According to The Wall Street Journal, Haney made the $10 million offer to Cohen on Haney's yacht in April, just 10 days before the FBI raided Cohen's files as part of the ongoing special prosecutor's investigation of Russian political influence in the 2016 presidential campaign.

But Haney's attorney, Larry Blust, has denied Haney contracted for Cohen's help with the Bellefonte project.

"Neither Mr. Haney nor Nuclear Development LLC ever entered into a contract with Michael Cohen or his affiliate for lobbying services related to the Bellefonte project," Blust said in a statement.

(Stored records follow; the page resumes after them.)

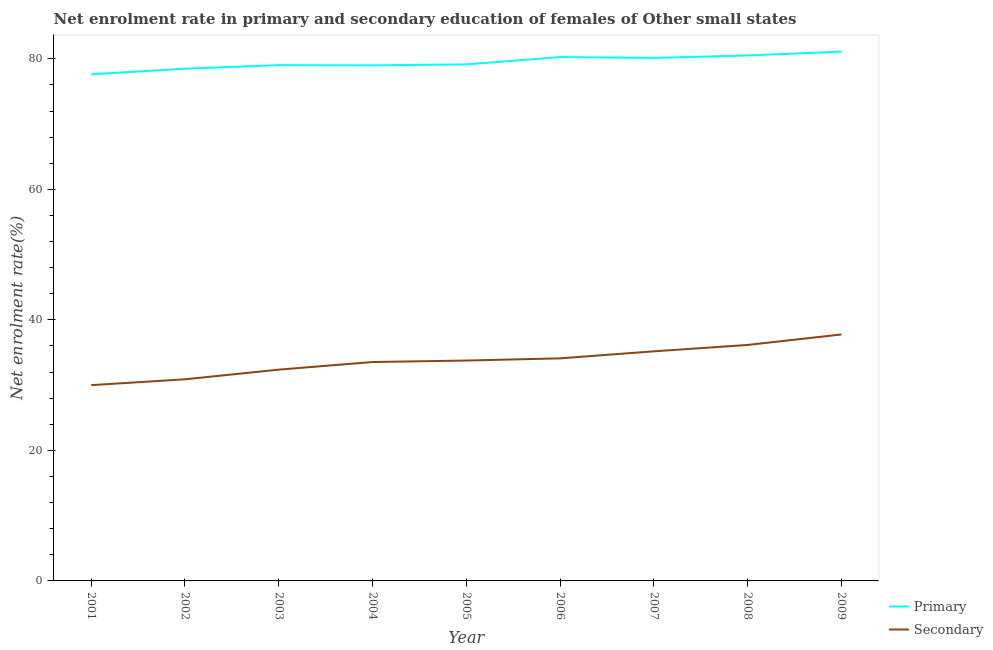Does the line corresponding to enrollment rate in primary education intersect with the line corresponding to enrollment rate in secondary education?
Give a very brief answer. No. What is the enrollment rate in primary education in 2003?
Provide a short and direct response. 79.03. Across all years, what is the maximum enrollment rate in primary education?
Provide a short and direct response. 81.11. Across all years, what is the minimum enrollment rate in secondary education?
Your answer should be compact. 30. What is the total enrollment rate in primary education in the graph?
Provide a succinct answer. 715.3. What is the difference between the enrollment rate in secondary education in 2004 and that in 2008?
Ensure brevity in your answer.  -2.61. What is the difference between the enrollment rate in primary education in 2009 and the enrollment rate in secondary education in 2007?
Your answer should be compact. 45.93. What is the average enrollment rate in primary education per year?
Ensure brevity in your answer.  79.48. In the year 2004, what is the difference between the enrollment rate in secondary education and enrollment rate in primary education?
Offer a very short reply. -45.45. In how many years, is the enrollment rate in primary education greater than 8 %?
Make the answer very short. 9. What is the ratio of the enrollment rate in primary education in 2004 to that in 2008?
Keep it short and to the point. 0.98. What is the difference between the highest and the second highest enrollment rate in primary education?
Ensure brevity in your answer.  0.6. What is the difference between the highest and the lowest enrollment rate in primary education?
Make the answer very short. 3.48. Does the enrollment rate in secondary education monotonically increase over the years?
Keep it short and to the point. Yes. Is the enrollment rate in secondary education strictly greater than the enrollment rate in primary education over the years?
Offer a very short reply. No. How many years are there in the graph?
Offer a very short reply. 9. How many legend labels are there?
Keep it short and to the point. 2. What is the title of the graph?
Your response must be concise. Net enrolment rate in primary and secondary education of females of Other small states. What is the label or title of the Y-axis?
Your response must be concise. Net enrolment rate(%). What is the Net enrolment rate(%) in Primary in 2001?
Offer a terse response. 77.63. What is the Net enrolment rate(%) of Secondary in 2001?
Your response must be concise. 30. What is the Net enrolment rate(%) of Primary in 2002?
Give a very brief answer. 78.48. What is the Net enrolment rate(%) of Secondary in 2002?
Provide a succinct answer. 30.89. What is the Net enrolment rate(%) in Primary in 2003?
Your answer should be compact. 79.03. What is the Net enrolment rate(%) of Secondary in 2003?
Keep it short and to the point. 32.37. What is the Net enrolment rate(%) of Primary in 2004?
Offer a terse response. 78.99. What is the Net enrolment rate(%) of Secondary in 2004?
Keep it short and to the point. 33.54. What is the Net enrolment rate(%) in Primary in 2005?
Your answer should be very brief. 79.15. What is the Net enrolment rate(%) of Secondary in 2005?
Offer a very short reply. 33.77. What is the Net enrolment rate(%) of Primary in 2006?
Your answer should be very brief. 80.27. What is the Net enrolment rate(%) in Secondary in 2006?
Your answer should be compact. 34.1. What is the Net enrolment rate(%) of Primary in 2007?
Keep it short and to the point. 80.14. What is the Net enrolment rate(%) in Secondary in 2007?
Your response must be concise. 35.18. What is the Net enrolment rate(%) of Primary in 2008?
Your answer should be very brief. 80.51. What is the Net enrolment rate(%) in Secondary in 2008?
Your response must be concise. 36.16. What is the Net enrolment rate(%) in Primary in 2009?
Your response must be concise. 81.11. What is the Net enrolment rate(%) in Secondary in 2009?
Make the answer very short. 37.76. Across all years, what is the maximum Net enrolment rate(%) of Primary?
Provide a short and direct response. 81.11. Across all years, what is the maximum Net enrolment rate(%) in Secondary?
Your answer should be very brief. 37.76. Across all years, what is the minimum Net enrolment rate(%) in Primary?
Your answer should be compact. 77.63. Across all years, what is the minimum Net enrolment rate(%) of Secondary?
Ensure brevity in your answer.  30. What is the total Net enrolment rate(%) of Primary in the graph?
Give a very brief answer. 715.3. What is the total Net enrolment rate(%) of Secondary in the graph?
Offer a terse response. 303.77. What is the difference between the Net enrolment rate(%) of Primary in 2001 and that in 2002?
Provide a short and direct response. -0.86. What is the difference between the Net enrolment rate(%) of Secondary in 2001 and that in 2002?
Your answer should be compact. -0.9. What is the difference between the Net enrolment rate(%) in Primary in 2001 and that in 2003?
Your answer should be compact. -1.4. What is the difference between the Net enrolment rate(%) in Secondary in 2001 and that in 2003?
Your response must be concise. -2.38. What is the difference between the Net enrolment rate(%) in Primary in 2001 and that in 2004?
Make the answer very short. -1.36. What is the difference between the Net enrolment rate(%) of Secondary in 2001 and that in 2004?
Keep it short and to the point. -3.54. What is the difference between the Net enrolment rate(%) of Primary in 2001 and that in 2005?
Provide a succinct answer. -1.52. What is the difference between the Net enrolment rate(%) in Secondary in 2001 and that in 2005?
Make the answer very short. -3.77. What is the difference between the Net enrolment rate(%) in Primary in 2001 and that in 2006?
Offer a terse response. -2.64. What is the difference between the Net enrolment rate(%) of Secondary in 2001 and that in 2006?
Offer a terse response. -4.11. What is the difference between the Net enrolment rate(%) of Primary in 2001 and that in 2007?
Offer a very short reply. -2.51. What is the difference between the Net enrolment rate(%) of Secondary in 2001 and that in 2007?
Your answer should be very brief. -5.18. What is the difference between the Net enrolment rate(%) of Primary in 2001 and that in 2008?
Your answer should be compact. -2.88. What is the difference between the Net enrolment rate(%) of Secondary in 2001 and that in 2008?
Provide a succinct answer. -6.16. What is the difference between the Net enrolment rate(%) of Primary in 2001 and that in 2009?
Your answer should be very brief. -3.48. What is the difference between the Net enrolment rate(%) in Secondary in 2001 and that in 2009?
Give a very brief answer. -7.77. What is the difference between the Net enrolment rate(%) of Primary in 2002 and that in 2003?
Make the answer very short. -0.55. What is the difference between the Net enrolment rate(%) in Secondary in 2002 and that in 2003?
Your response must be concise. -1.48. What is the difference between the Net enrolment rate(%) of Primary in 2002 and that in 2004?
Your response must be concise. -0.51. What is the difference between the Net enrolment rate(%) in Secondary in 2002 and that in 2004?
Ensure brevity in your answer.  -2.65. What is the difference between the Net enrolment rate(%) of Primary in 2002 and that in 2005?
Keep it short and to the point. -0.66. What is the difference between the Net enrolment rate(%) in Secondary in 2002 and that in 2005?
Provide a short and direct response. -2.87. What is the difference between the Net enrolment rate(%) of Primary in 2002 and that in 2006?
Keep it short and to the point. -1.78. What is the difference between the Net enrolment rate(%) in Secondary in 2002 and that in 2006?
Your response must be concise. -3.21. What is the difference between the Net enrolment rate(%) of Primary in 2002 and that in 2007?
Offer a terse response. -1.65. What is the difference between the Net enrolment rate(%) in Secondary in 2002 and that in 2007?
Make the answer very short. -4.29. What is the difference between the Net enrolment rate(%) in Primary in 2002 and that in 2008?
Offer a very short reply. -2.03. What is the difference between the Net enrolment rate(%) in Secondary in 2002 and that in 2008?
Provide a short and direct response. -5.26. What is the difference between the Net enrolment rate(%) in Primary in 2002 and that in 2009?
Give a very brief answer. -2.63. What is the difference between the Net enrolment rate(%) in Secondary in 2002 and that in 2009?
Offer a very short reply. -6.87. What is the difference between the Net enrolment rate(%) of Primary in 2003 and that in 2004?
Offer a terse response. 0.04. What is the difference between the Net enrolment rate(%) of Secondary in 2003 and that in 2004?
Make the answer very short. -1.17. What is the difference between the Net enrolment rate(%) of Primary in 2003 and that in 2005?
Offer a terse response. -0.12. What is the difference between the Net enrolment rate(%) in Secondary in 2003 and that in 2005?
Offer a very short reply. -1.4. What is the difference between the Net enrolment rate(%) of Primary in 2003 and that in 2006?
Ensure brevity in your answer.  -1.23. What is the difference between the Net enrolment rate(%) of Secondary in 2003 and that in 2006?
Ensure brevity in your answer.  -1.73. What is the difference between the Net enrolment rate(%) of Primary in 2003 and that in 2007?
Your response must be concise. -1.1. What is the difference between the Net enrolment rate(%) in Secondary in 2003 and that in 2007?
Provide a succinct answer. -2.81. What is the difference between the Net enrolment rate(%) in Primary in 2003 and that in 2008?
Your response must be concise. -1.48. What is the difference between the Net enrolment rate(%) in Secondary in 2003 and that in 2008?
Provide a succinct answer. -3.78. What is the difference between the Net enrolment rate(%) of Primary in 2003 and that in 2009?
Provide a short and direct response. -2.08. What is the difference between the Net enrolment rate(%) in Secondary in 2003 and that in 2009?
Offer a very short reply. -5.39. What is the difference between the Net enrolment rate(%) in Primary in 2004 and that in 2005?
Your response must be concise. -0.15. What is the difference between the Net enrolment rate(%) in Secondary in 2004 and that in 2005?
Provide a succinct answer. -0.23. What is the difference between the Net enrolment rate(%) of Primary in 2004 and that in 2006?
Provide a succinct answer. -1.27. What is the difference between the Net enrolment rate(%) in Secondary in 2004 and that in 2006?
Provide a succinct answer. -0.56. What is the difference between the Net enrolment rate(%) of Primary in 2004 and that in 2007?
Your answer should be compact. -1.14. What is the difference between the Net enrolment rate(%) in Secondary in 2004 and that in 2007?
Give a very brief answer. -1.64. What is the difference between the Net enrolment rate(%) of Primary in 2004 and that in 2008?
Make the answer very short. -1.52. What is the difference between the Net enrolment rate(%) in Secondary in 2004 and that in 2008?
Offer a very short reply. -2.61. What is the difference between the Net enrolment rate(%) in Primary in 2004 and that in 2009?
Provide a short and direct response. -2.12. What is the difference between the Net enrolment rate(%) in Secondary in 2004 and that in 2009?
Your answer should be very brief. -4.22. What is the difference between the Net enrolment rate(%) in Primary in 2005 and that in 2006?
Your response must be concise. -1.12. What is the difference between the Net enrolment rate(%) in Secondary in 2005 and that in 2006?
Ensure brevity in your answer.  -0.33. What is the difference between the Net enrolment rate(%) of Primary in 2005 and that in 2007?
Your answer should be very brief. -0.99. What is the difference between the Net enrolment rate(%) of Secondary in 2005 and that in 2007?
Provide a succinct answer. -1.41. What is the difference between the Net enrolment rate(%) in Primary in 2005 and that in 2008?
Offer a terse response. -1.36. What is the difference between the Net enrolment rate(%) in Secondary in 2005 and that in 2008?
Give a very brief answer. -2.39. What is the difference between the Net enrolment rate(%) of Primary in 2005 and that in 2009?
Your answer should be compact. -1.96. What is the difference between the Net enrolment rate(%) of Secondary in 2005 and that in 2009?
Offer a very short reply. -3.99. What is the difference between the Net enrolment rate(%) of Primary in 2006 and that in 2007?
Offer a very short reply. 0.13. What is the difference between the Net enrolment rate(%) of Secondary in 2006 and that in 2007?
Ensure brevity in your answer.  -1.08. What is the difference between the Net enrolment rate(%) in Primary in 2006 and that in 2008?
Offer a very short reply. -0.25. What is the difference between the Net enrolment rate(%) in Secondary in 2006 and that in 2008?
Your answer should be compact. -2.05. What is the difference between the Net enrolment rate(%) in Primary in 2006 and that in 2009?
Your answer should be very brief. -0.85. What is the difference between the Net enrolment rate(%) of Secondary in 2006 and that in 2009?
Provide a succinct answer. -3.66. What is the difference between the Net enrolment rate(%) of Primary in 2007 and that in 2008?
Make the answer very short. -0.38. What is the difference between the Net enrolment rate(%) of Secondary in 2007 and that in 2008?
Your answer should be very brief. -0.98. What is the difference between the Net enrolment rate(%) in Primary in 2007 and that in 2009?
Your answer should be very brief. -0.98. What is the difference between the Net enrolment rate(%) in Secondary in 2007 and that in 2009?
Provide a short and direct response. -2.58. What is the difference between the Net enrolment rate(%) of Primary in 2008 and that in 2009?
Provide a short and direct response. -0.6. What is the difference between the Net enrolment rate(%) of Secondary in 2008 and that in 2009?
Your response must be concise. -1.61. What is the difference between the Net enrolment rate(%) in Primary in 2001 and the Net enrolment rate(%) in Secondary in 2002?
Keep it short and to the point. 46.73. What is the difference between the Net enrolment rate(%) of Primary in 2001 and the Net enrolment rate(%) of Secondary in 2003?
Provide a short and direct response. 45.25. What is the difference between the Net enrolment rate(%) of Primary in 2001 and the Net enrolment rate(%) of Secondary in 2004?
Offer a very short reply. 44.09. What is the difference between the Net enrolment rate(%) of Primary in 2001 and the Net enrolment rate(%) of Secondary in 2005?
Offer a very short reply. 43.86. What is the difference between the Net enrolment rate(%) of Primary in 2001 and the Net enrolment rate(%) of Secondary in 2006?
Your response must be concise. 43.52. What is the difference between the Net enrolment rate(%) of Primary in 2001 and the Net enrolment rate(%) of Secondary in 2007?
Your answer should be very brief. 42.45. What is the difference between the Net enrolment rate(%) of Primary in 2001 and the Net enrolment rate(%) of Secondary in 2008?
Keep it short and to the point. 41.47. What is the difference between the Net enrolment rate(%) of Primary in 2001 and the Net enrolment rate(%) of Secondary in 2009?
Provide a short and direct response. 39.87. What is the difference between the Net enrolment rate(%) in Primary in 2002 and the Net enrolment rate(%) in Secondary in 2003?
Your answer should be very brief. 46.11. What is the difference between the Net enrolment rate(%) of Primary in 2002 and the Net enrolment rate(%) of Secondary in 2004?
Offer a very short reply. 44.94. What is the difference between the Net enrolment rate(%) in Primary in 2002 and the Net enrolment rate(%) in Secondary in 2005?
Your answer should be compact. 44.72. What is the difference between the Net enrolment rate(%) of Primary in 2002 and the Net enrolment rate(%) of Secondary in 2006?
Your response must be concise. 44.38. What is the difference between the Net enrolment rate(%) in Primary in 2002 and the Net enrolment rate(%) in Secondary in 2007?
Offer a terse response. 43.3. What is the difference between the Net enrolment rate(%) in Primary in 2002 and the Net enrolment rate(%) in Secondary in 2008?
Ensure brevity in your answer.  42.33. What is the difference between the Net enrolment rate(%) of Primary in 2002 and the Net enrolment rate(%) of Secondary in 2009?
Your response must be concise. 40.72. What is the difference between the Net enrolment rate(%) of Primary in 2003 and the Net enrolment rate(%) of Secondary in 2004?
Keep it short and to the point. 45.49. What is the difference between the Net enrolment rate(%) in Primary in 2003 and the Net enrolment rate(%) in Secondary in 2005?
Provide a short and direct response. 45.26. What is the difference between the Net enrolment rate(%) in Primary in 2003 and the Net enrolment rate(%) in Secondary in 2006?
Provide a short and direct response. 44.93. What is the difference between the Net enrolment rate(%) of Primary in 2003 and the Net enrolment rate(%) of Secondary in 2007?
Your answer should be very brief. 43.85. What is the difference between the Net enrolment rate(%) of Primary in 2003 and the Net enrolment rate(%) of Secondary in 2008?
Make the answer very short. 42.88. What is the difference between the Net enrolment rate(%) of Primary in 2003 and the Net enrolment rate(%) of Secondary in 2009?
Offer a very short reply. 41.27. What is the difference between the Net enrolment rate(%) in Primary in 2004 and the Net enrolment rate(%) in Secondary in 2005?
Your answer should be very brief. 45.22. What is the difference between the Net enrolment rate(%) of Primary in 2004 and the Net enrolment rate(%) of Secondary in 2006?
Offer a very short reply. 44.89. What is the difference between the Net enrolment rate(%) of Primary in 2004 and the Net enrolment rate(%) of Secondary in 2007?
Provide a succinct answer. 43.81. What is the difference between the Net enrolment rate(%) in Primary in 2004 and the Net enrolment rate(%) in Secondary in 2008?
Give a very brief answer. 42.84. What is the difference between the Net enrolment rate(%) of Primary in 2004 and the Net enrolment rate(%) of Secondary in 2009?
Provide a short and direct response. 41.23. What is the difference between the Net enrolment rate(%) in Primary in 2005 and the Net enrolment rate(%) in Secondary in 2006?
Offer a terse response. 45.04. What is the difference between the Net enrolment rate(%) of Primary in 2005 and the Net enrolment rate(%) of Secondary in 2007?
Your response must be concise. 43.97. What is the difference between the Net enrolment rate(%) of Primary in 2005 and the Net enrolment rate(%) of Secondary in 2008?
Provide a succinct answer. 42.99. What is the difference between the Net enrolment rate(%) of Primary in 2005 and the Net enrolment rate(%) of Secondary in 2009?
Provide a short and direct response. 41.38. What is the difference between the Net enrolment rate(%) of Primary in 2006 and the Net enrolment rate(%) of Secondary in 2007?
Offer a terse response. 45.09. What is the difference between the Net enrolment rate(%) in Primary in 2006 and the Net enrolment rate(%) in Secondary in 2008?
Ensure brevity in your answer.  44.11. What is the difference between the Net enrolment rate(%) in Primary in 2006 and the Net enrolment rate(%) in Secondary in 2009?
Offer a very short reply. 42.5. What is the difference between the Net enrolment rate(%) of Primary in 2007 and the Net enrolment rate(%) of Secondary in 2008?
Your answer should be very brief. 43.98. What is the difference between the Net enrolment rate(%) in Primary in 2007 and the Net enrolment rate(%) in Secondary in 2009?
Offer a terse response. 42.37. What is the difference between the Net enrolment rate(%) of Primary in 2008 and the Net enrolment rate(%) of Secondary in 2009?
Offer a terse response. 42.75. What is the average Net enrolment rate(%) of Primary per year?
Keep it short and to the point. 79.48. What is the average Net enrolment rate(%) of Secondary per year?
Keep it short and to the point. 33.75. In the year 2001, what is the difference between the Net enrolment rate(%) in Primary and Net enrolment rate(%) in Secondary?
Keep it short and to the point. 47.63. In the year 2002, what is the difference between the Net enrolment rate(%) in Primary and Net enrolment rate(%) in Secondary?
Keep it short and to the point. 47.59. In the year 2003, what is the difference between the Net enrolment rate(%) in Primary and Net enrolment rate(%) in Secondary?
Provide a succinct answer. 46.66. In the year 2004, what is the difference between the Net enrolment rate(%) in Primary and Net enrolment rate(%) in Secondary?
Give a very brief answer. 45.45. In the year 2005, what is the difference between the Net enrolment rate(%) in Primary and Net enrolment rate(%) in Secondary?
Make the answer very short. 45.38. In the year 2006, what is the difference between the Net enrolment rate(%) of Primary and Net enrolment rate(%) of Secondary?
Offer a terse response. 46.16. In the year 2007, what is the difference between the Net enrolment rate(%) in Primary and Net enrolment rate(%) in Secondary?
Give a very brief answer. 44.96. In the year 2008, what is the difference between the Net enrolment rate(%) in Primary and Net enrolment rate(%) in Secondary?
Make the answer very short. 44.35. In the year 2009, what is the difference between the Net enrolment rate(%) of Primary and Net enrolment rate(%) of Secondary?
Your answer should be very brief. 43.35. What is the ratio of the Net enrolment rate(%) in Secondary in 2001 to that in 2002?
Provide a succinct answer. 0.97. What is the ratio of the Net enrolment rate(%) in Primary in 2001 to that in 2003?
Offer a very short reply. 0.98. What is the ratio of the Net enrolment rate(%) in Secondary in 2001 to that in 2003?
Your answer should be compact. 0.93. What is the ratio of the Net enrolment rate(%) of Primary in 2001 to that in 2004?
Your response must be concise. 0.98. What is the ratio of the Net enrolment rate(%) in Secondary in 2001 to that in 2004?
Offer a very short reply. 0.89. What is the ratio of the Net enrolment rate(%) of Primary in 2001 to that in 2005?
Offer a terse response. 0.98. What is the ratio of the Net enrolment rate(%) of Secondary in 2001 to that in 2005?
Your answer should be very brief. 0.89. What is the ratio of the Net enrolment rate(%) in Primary in 2001 to that in 2006?
Provide a succinct answer. 0.97. What is the ratio of the Net enrolment rate(%) in Secondary in 2001 to that in 2006?
Provide a short and direct response. 0.88. What is the ratio of the Net enrolment rate(%) of Primary in 2001 to that in 2007?
Offer a terse response. 0.97. What is the ratio of the Net enrolment rate(%) in Secondary in 2001 to that in 2007?
Provide a succinct answer. 0.85. What is the ratio of the Net enrolment rate(%) of Primary in 2001 to that in 2008?
Offer a very short reply. 0.96. What is the ratio of the Net enrolment rate(%) of Secondary in 2001 to that in 2008?
Give a very brief answer. 0.83. What is the ratio of the Net enrolment rate(%) of Secondary in 2001 to that in 2009?
Your answer should be compact. 0.79. What is the ratio of the Net enrolment rate(%) in Primary in 2002 to that in 2003?
Offer a terse response. 0.99. What is the ratio of the Net enrolment rate(%) of Secondary in 2002 to that in 2003?
Your response must be concise. 0.95. What is the ratio of the Net enrolment rate(%) of Primary in 2002 to that in 2004?
Give a very brief answer. 0.99. What is the ratio of the Net enrolment rate(%) of Secondary in 2002 to that in 2004?
Your answer should be compact. 0.92. What is the ratio of the Net enrolment rate(%) in Primary in 2002 to that in 2005?
Offer a very short reply. 0.99. What is the ratio of the Net enrolment rate(%) of Secondary in 2002 to that in 2005?
Keep it short and to the point. 0.91. What is the ratio of the Net enrolment rate(%) in Primary in 2002 to that in 2006?
Keep it short and to the point. 0.98. What is the ratio of the Net enrolment rate(%) of Secondary in 2002 to that in 2006?
Your answer should be very brief. 0.91. What is the ratio of the Net enrolment rate(%) in Primary in 2002 to that in 2007?
Keep it short and to the point. 0.98. What is the ratio of the Net enrolment rate(%) in Secondary in 2002 to that in 2007?
Keep it short and to the point. 0.88. What is the ratio of the Net enrolment rate(%) in Primary in 2002 to that in 2008?
Offer a terse response. 0.97. What is the ratio of the Net enrolment rate(%) in Secondary in 2002 to that in 2008?
Keep it short and to the point. 0.85. What is the ratio of the Net enrolment rate(%) of Primary in 2002 to that in 2009?
Provide a short and direct response. 0.97. What is the ratio of the Net enrolment rate(%) of Secondary in 2002 to that in 2009?
Give a very brief answer. 0.82. What is the ratio of the Net enrolment rate(%) in Primary in 2003 to that in 2004?
Give a very brief answer. 1. What is the ratio of the Net enrolment rate(%) in Secondary in 2003 to that in 2004?
Make the answer very short. 0.97. What is the ratio of the Net enrolment rate(%) in Primary in 2003 to that in 2005?
Offer a terse response. 1. What is the ratio of the Net enrolment rate(%) of Secondary in 2003 to that in 2005?
Your response must be concise. 0.96. What is the ratio of the Net enrolment rate(%) of Primary in 2003 to that in 2006?
Provide a succinct answer. 0.98. What is the ratio of the Net enrolment rate(%) of Secondary in 2003 to that in 2006?
Your answer should be very brief. 0.95. What is the ratio of the Net enrolment rate(%) in Primary in 2003 to that in 2007?
Give a very brief answer. 0.99. What is the ratio of the Net enrolment rate(%) of Secondary in 2003 to that in 2007?
Your answer should be very brief. 0.92. What is the ratio of the Net enrolment rate(%) of Primary in 2003 to that in 2008?
Offer a terse response. 0.98. What is the ratio of the Net enrolment rate(%) in Secondary in 2003 to that in 2008?
Make the answer very short. 0.9. What is the ratio of the Net enrolment rate(%) in Primary in 2003 to that in 2009?
Make the answer very short. 0.97. What is the ratio of the Net enrolment rate(%) of Secondary in 2003 to that in 2009?
Offer a terse response. 0.86. What is the ratio of the Net enrolment rate(%) in Secondary in 2004 to that in 2005?
Provide a short and direct response. 0.99. What is the ratio of the Net enrolment rate(%) in Primary in 2004 to that in 2006?
Give a very brief answer. 0.98. What is the ratio of the Net enrolment rate(%) in Secondary in 2004 to that in 2006?
Offer a very short reply. 0.98. What is the ratio of the Net enrolment rate(%) in Primary in 2004 to that in 2007?
Provide a short and direct response. 0.99. What is the ratio of the Net enrolment rate(%) of Secondary in 2004 to that in 2007?
Your answer should be compact. 0.95. What is the ratio of the Net enrolment rate(%) in Primary in 2004 to that in 2008?
Offer a very short reply. 0.98. What is the ratio of the Net enrolment rate(%) in Secondary in 2004 to that in 2008?
Keep it short and to the point. 0.93. What is the ratio of the Net enrolment rate(%) in Primary in 2004 to that in 2009?
Make the answer very short. 0.97. What is the ratio of the Net enrolment rate(%) of Secondary in 2004 to that in 2009?
Keep it short and to the point. 0.89. What is the ratio of the Net enrolment rate(%) of Primary in 2005 to that in 2006?
Offer a terse response. 0.99. What is the ratio of the Net enrolment rate(%) in Secondary in 2005 to that in 2006?
Offer a terse response. 0.99. What is the ratio of the Net enrolment rate(%) in Secondary in 2005 to that in 2007?
Provide a short and direct response. 0.96. What is the ratio of the Net enrolment rate(%) in Secondary in 2005 to that in 2008?
Provide a short and direct response. 0.93. What is the ratio of the Net enrolment rate(%) of Primary in 2005 to that in 2009?
Your answer should be compact. 0.98. What is the ratio of the Net enrolment rate(%) of Secondary in 2005 to that in 2009?
Your answer should be very brief. 0.89. What is the ratio of the Net enrolment rate(%) of Primary in 2006 to that in 2007?
Ensure brevity in your answer.  1. What is the ratio of the Net enrolment rate(%) in Secondary in 2006 to that in 2007?
Offer a very short reply. 0.97. What is the ratio of the Net enrolment rate(%) in Secondary in 2006 to that in 2008?
Your answer should be very brief. 0.94. What is the ratio of the Net enrolment rate(%) of Primary in 2006 to that in 2009?
Offer a terse response. 0.99. What is the ratio of the Net enrolment rate(%) of Secondary in 2006 to that in 2009?
Your answer should be compact. 0.9. What is the ratio of the Net enrolment rate(%) in Secondary in 2007 to that in 2008?
Provide a short and direct response. 0.97. What is the ratio of the Net enrolment rate(%) of Secondary in 2007 to that in 2009?
Provide a short and direct response. 0.93. What is the ratio of the Net enrolment rate(%) in Secondary in 2008 to that in 2009?
Give a very brief answer. 0.96. What is the difference between the highest and the second highest Net enrolment rate(%) of Primary?
Ensure brevity in your answer.  0.6. What is the difference between the highest and the second highest Net enrolment rate(%) in Secondary?
Provide a succinct answer. 1.61. What is the difference between the highest and the lowest Net enrolment rate(%) in Primary?
Offer a terse response. 3.48. What is the difference between the highest and the lowest Net enrolment rate(%) in Secondary?
Give a very brief answer. 7.77.

Duckworth said she wants to know whether Cohen lobbied DOE officials to support Haney's application and speed up the review process "even though public records indicate Mr. Cohen has never registered as a lobbyist."

"This unseemly pay-to-play arrangement raises serious questions of conflict-of-interest, corrupt practices and potential violations of lobbying disclosure laws," Duckworth said in a letter to U.S. Secretary of Energy Rick Perry.

Duckworth has asked for a list of all DOE employees who have reviewed the federal loan application and a copy of all memorandums and emails related to the loan request and any communication with Cohen.

Haney has not specified yet who may be financing his plans for Bellefonte, which he agreed to buy from TVA within two years after winning a public auction in November 2016. Haney has offered to pay $111 million for the Bellefonte assets - nearly three times the minimum bid set by TVA but only a fraction of the billions of dollars that TVA has spent over the past four decades building Bellefonte.

TVA suspended work on Bellefonte 30 years ago and finally gave up on finishing the plant altogether two years ago when the federal utility determined it would not need the power that Bellefonte could generate.

Haney's group has until Nov. 14 to close the purchase of Bellefonte, although he could ask for an extension of the pending purchase from TVA.

Nuclear Development LLC plans to spend as much as $13 billion to make the nuclear generators operational and could finish the plant in five to six years, according to a company statement. The project is expected to create as many as 4,000 temporary construction jobs and help support 1,500 permanent jobs once the plant is running.

"The Bellefonte Nuclear Station will help transform communities across the region," Haney said in a statement at the time of his purchase.

Nuclear Development LLC has contracted with the Montreal-based SNC-Lavalin to manage the Bellefonte completion and 22 engineering and design companies came to the plant this summer to discuss how the work could be completed.

Haney called those involved with Bellefonte are "the finest team of nuclear engineers" and said they "will bring Bellefonte to its long-awaited completion" at a much lesser cost than new nuclear reactors now being built in Georgia.

Although TVA suspended most of its construction work at Bellefonte in 1988, the federal utility has maintained its construction permit on the plant.

NRC spokesman Scott Burnell said that Haney's Nuclear Development will have to demonstrate it has the engineering and financial qualification meet the requirements of the construction permit. The NRC has not previously approved the transfer of a construction permit for a nuclear plant, although it has done so for several operating plants.

DOE is still reviewing Haney's loan application and Energy department officials did not respond Tuesday to inquiries about the project. Sean Savett, press secretary for Sen. Duckworth, said the DOE has yet to respond to Duckworth's Aug. 28 letter.